March 9, 2024
Lurking in my lower back, there is a pain monster waiting to get out of its cage. For much of my adult life, it’s just waiting for the right moment – it may start roaring when I’m swimming into a flip turn, executing a golf swing, sitting at my computer for too long, or just bending over to tie my shoes. And when it roars, I know it’s got me for a few days while my back spasms persist. During that lovely time, I wake up in the morning, crawl to the shower, eventually stand up, then get on with my day. In a perfect world, I’d have a hot tub in the backyard and a masseuse ready to knead out those knots. But instead, I rely on exercises that several physical therapists have taught me. If I can just do at least fifteen minutes of stretching a day, and better yet, 45 additional minutes of core and leg strengthening, then I can keep that monster locked up in its cage.
It’s so simple!
But here’s the thing, life gets in the way of those additional fifteen to 45 minutes. Even in my mostly retired state, there are way better and far more enjoyable ways to spend my time. I don’t mind the stretching, but it’s a little boring, and there are always other activities I’d rather be doing. And I really don’t like strength building at all. I love waking up early and diving into the pool with my masters team at 5:55 AM. I truly enjoy running around the pickleball court or walking a golf course. But I really dislike the pushups, squats, wall sits, planks, curls, sit ups, and the rest of the strength building sets.
When we went to Japan, I did no stretching and no strength building, as is usual when I travel. It was a vacation! Why ruin the trip by doing things I don’t want to do? I was too busy doing fun stuff! Sure, the hotel had a gym. And I could have done a lot of my lower back exercises in the room. But . . . I didn’t. When I got home, I was tired from the jet lag and I told myself that the extra hour of sleep was more important than those exercises. Pretty soon, it had been almost three weeks since I had stretched or tried to make myself stronger.
Sure enough, the monster woke up. I felt that twitch, and I knew I had unlocked the cage. At any moment, that monster could throw a Tasmanian Devil fit and put me on my back. (That’s the image above by the way – that AI-generated tasmanian devil and the injured back sign. I like the real thing, but the Tasmanian Devil on the Bugs Bunny cartoons was, next to Marvin the Martian, my favorite extra character.)
So I yelled at myself, and did a lot of gentle stretching. I sent apologetic thoughts to my physical therapists for not heeding their advice, and I recommitted to my stretching and strength-building routines. I don’t like it, but I need to do it. So far, the monster has twitched a few more times, but it has not unleashed its full fury on my back. I hope that’s the way it stays. That’s a better outcome than I deserve.

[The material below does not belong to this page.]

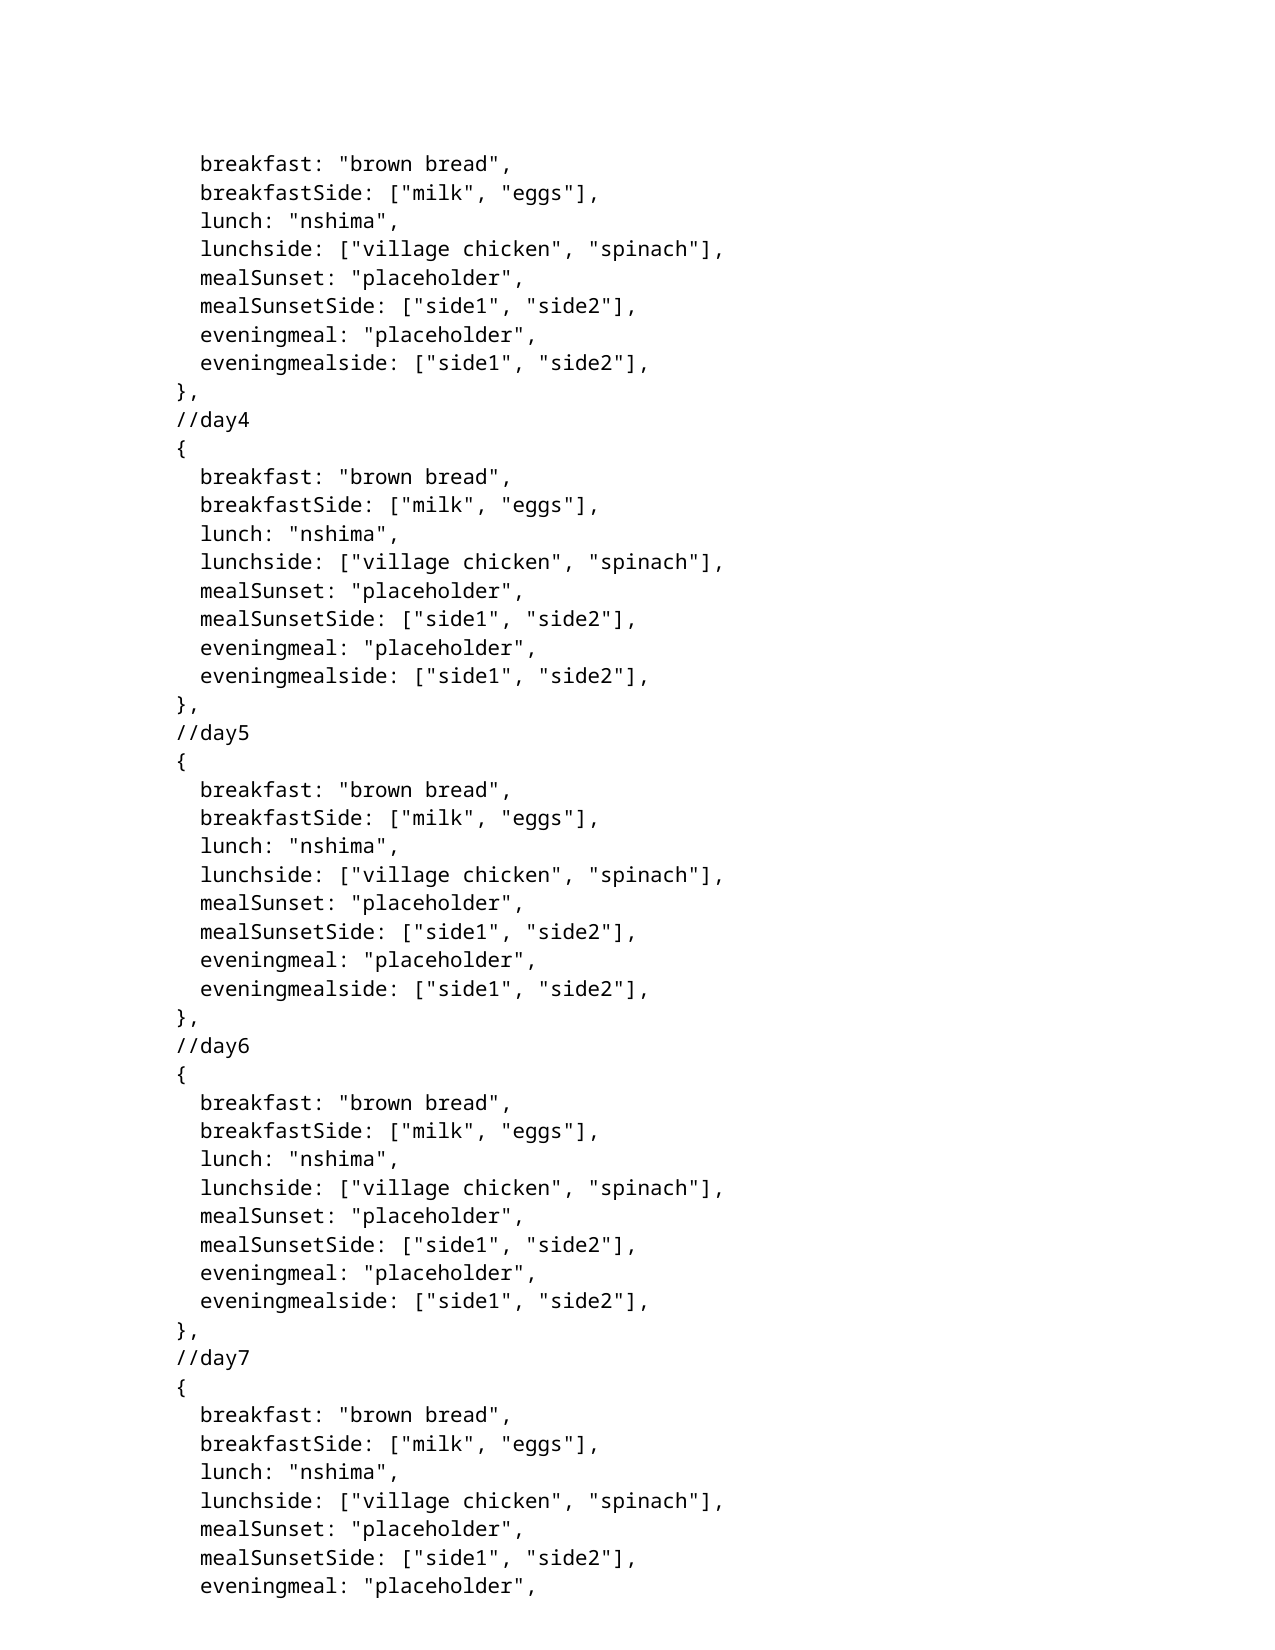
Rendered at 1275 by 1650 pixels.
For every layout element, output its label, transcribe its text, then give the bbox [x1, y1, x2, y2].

After a few days of stretching and pain avoidance, I was walking with Maggie Mae and McDuffy, our two Scottish terriers, when I ran into Mark, one of my neighbors down the street. He was throwing his surfboard into his truck, and we talked about how cold the water was these days. He said he was going to suffer through the pain, and he would eventually enjoy it. He asked if I had heard of David Goggins, and I told him I had not. David Goggins, Mark told me, is a former Navy Seal (are all of those guys awesome advice givers?) who is now an ultra-marathoner, and one of his mantras is, “Do something every day that sucks.”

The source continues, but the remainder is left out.